For all the debates over our intractable political divisions and razor-thin vote marginsaratbet, American presidential elections of late have not been particularly close. Since 2000, the average popular-vote margin is more than 4.6 million. That’s a lot of votes. The appearance that the outcomes are closer is an artifact of the Electoral College, specifically the winner-take-all method of awarding electors, which significantly magnifies the influence of a few arbitrary states.
Swing states, as we call them, are why the presidency has been decided by fewer than 290,000 votes, on average, since 2000. In 2016 and 2020, it was even tighter: A switch of just tens of thousands of votes in a handful of swing states would have reversed the outcomes.

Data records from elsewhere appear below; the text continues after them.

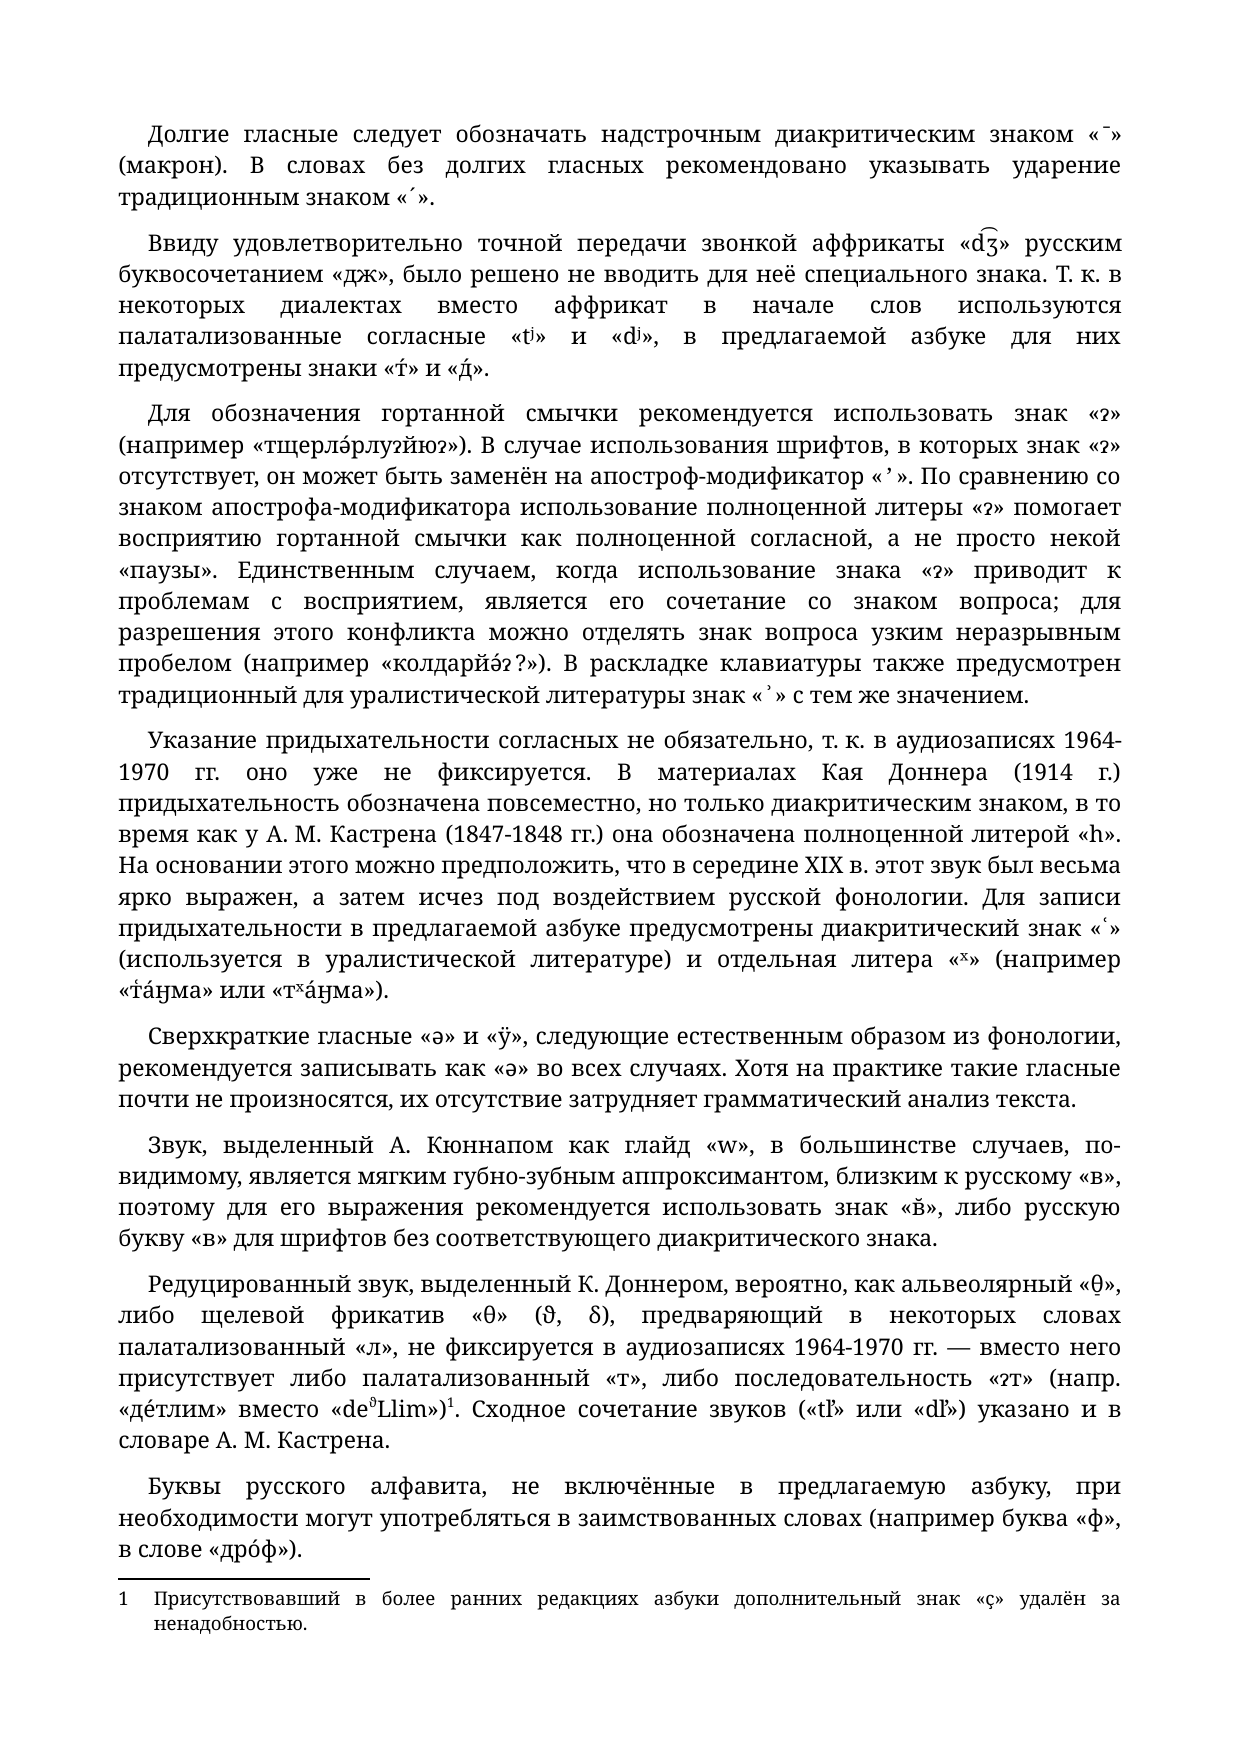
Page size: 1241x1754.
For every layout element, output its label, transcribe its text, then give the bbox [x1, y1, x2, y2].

text Сверхкраткие гласные «ә» и «ӱ», следующие естественным образом из фонологии, рекомендуется записывать как «ә» во всех случаях. Хотя на практике такие гласные почти не произносятся, их отсутствие затрудняет грамматический анализ текста. [118, 1020, 1122, 1114]
text Звук, выделенный А. Кюннапом как глайд «w», в большинстве случаев, по-видимому, является мягким губно-зубным аппроксимантом, близким к русскому «в», поэтому для его выражения рекомендуется использовать знак «в̆», либо русскую букву «в» для шрифтов без соответствующего диакритического знака. [118, 1128, 1122, 1253]
text Редуцированный звук, выделенный К. Доннером, вероятно, как альвеолярный «θ̠», либо щелевой фрикатив «θ» (ϑ, δ), предваряющий в некоторых словах палатализованный «л», не фиксируется в аудиозаписях 1964-1970 гг. — вместо него присутствует либо палатализованный «т», либо последовательность «ɂт» (напр. «де́тлим» вместо «deϑLlim»). Сходное сочетание звуков («tl̕» или «dl̕») указано и в словаре А. М. Кастрена. [118, 1268, 1122, 1456]
text Ввиду удовлетворительно точной передачи звонкой аффрикаты «d͡ʒ» русским буквосочетанием «дж», было решено не вводить для неё специального знака. Т. к. в некоторых диалектах вместо аффрикат в начале слов используются палатализованные согласные «tʲ» и «dʲ», в предлагаемой азбуке для них предусмотрены знаки «т́» и «д́». [118, 226, 1122, 383]
text Долгие гласные следует обозначать надстрочным диакритическим знаком « ̄ » (макрон). В словах без долгих гласных рекомендовано указывать ударение традиционным знаком « ́». [118, 118, 1122, 212]
text Буквы русского алфавита, не включённые в предлагаемую азбуку, при необходимости могут употребляться в заимствованных словах (например буква «ф», в слове «дро́ф»). [118, 1470, 1122, 1564]
text Указание придыхательности согласных не обязательно, т. к. в аудиозаписях 1964-1970 гг. оно уже не фиксируется. В материалах Кая Доннера (1914 г.) придыхательность обозначена повсеместно, но только диакритическим знаком, в то время как у А. М. Кастрена (1847-1848 гг.) она обозначена полноценной литерой «h». На основании этого можно предположить, что в середине XIX в. этот звук был весьма ярко выражен, а затем исчез под воздействием русской фонологии. Для записи придыхательности в предлагаемой азбуке предусмотрены диакритический знак « ͑ » (используется в уралистической литературе) и отдельная литера «ˣ» (например «т͑а́ӈма» или «тˣа́ӈма»). [118, 724, 1122, 1006]
text Присутствовавший в более ранних редакциях азбуки дополнительный знак «ҫ» удалён за ненадобностью. [118, 1585, 1122, 1636]
text Для обозначения гортанной смычки рекомендуется использовать знак «ɂ» (например «тщерлә́рлуɂйюɂ»). В случае использования шрифтов, в которых знак «ɂ» отсутствует, он может быть заменён на апостроф-модификатор « ʼ ». По сравнению со знаком апострофа-модификатора использование полноценной литеры «ɂ» помогает восприятию гортанной смычки как полноценной согласной, а не просто некой «паузы». Единственным случаем, когда использование знака «ɂ» приводит к проблемам с восприятием, является его сочетание со знаком вопроса; для разрешения этого конфликта можно отделять знак вопроса узким неразрывным пробелом (например «колдарйә́ɂ ?»). В раскладке клавиатуры также предусмотрен традиционный для уралистической литературы знак « ʾ » с тем же значением. [118, 397, 1122, 710]

That is why we are forced to care so much about small shifts in votes or in state laws, like the one debated in recent weeks in Nebraska. Since 1992, the deep red state has awarded most of its electors by congressional district, and the Democratic nominee has twice won the Second Congressional District, which includes the state’s largest city, Omaha. State and national Republicans, including Donald Trump, have been pushing hard to switch back to the winner-take-all system, which would deny Vice President Kamala Harris the chance to pick up that elector.

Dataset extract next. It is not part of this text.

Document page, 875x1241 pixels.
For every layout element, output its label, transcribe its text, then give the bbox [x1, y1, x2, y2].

They nearly succeeded until Mike McDonnell, a Republican state senator, announced this week that he would not join his colleagues, killing the switch, at least for now.
“Elections should be an opportunity for all voters to be heard, no matter who they are, where they live or what party they support,” he said in a statement. It’s a critically important principle, and Mr. McDonnell deserves credit for putting it above his party’s wishes.
Yet it would be a mistake to think of what just happened in Nebraska as being in the rearview mirror; rather, as long as we continue to choose our president through the mechanism of the Electoral College, it is a harbinger.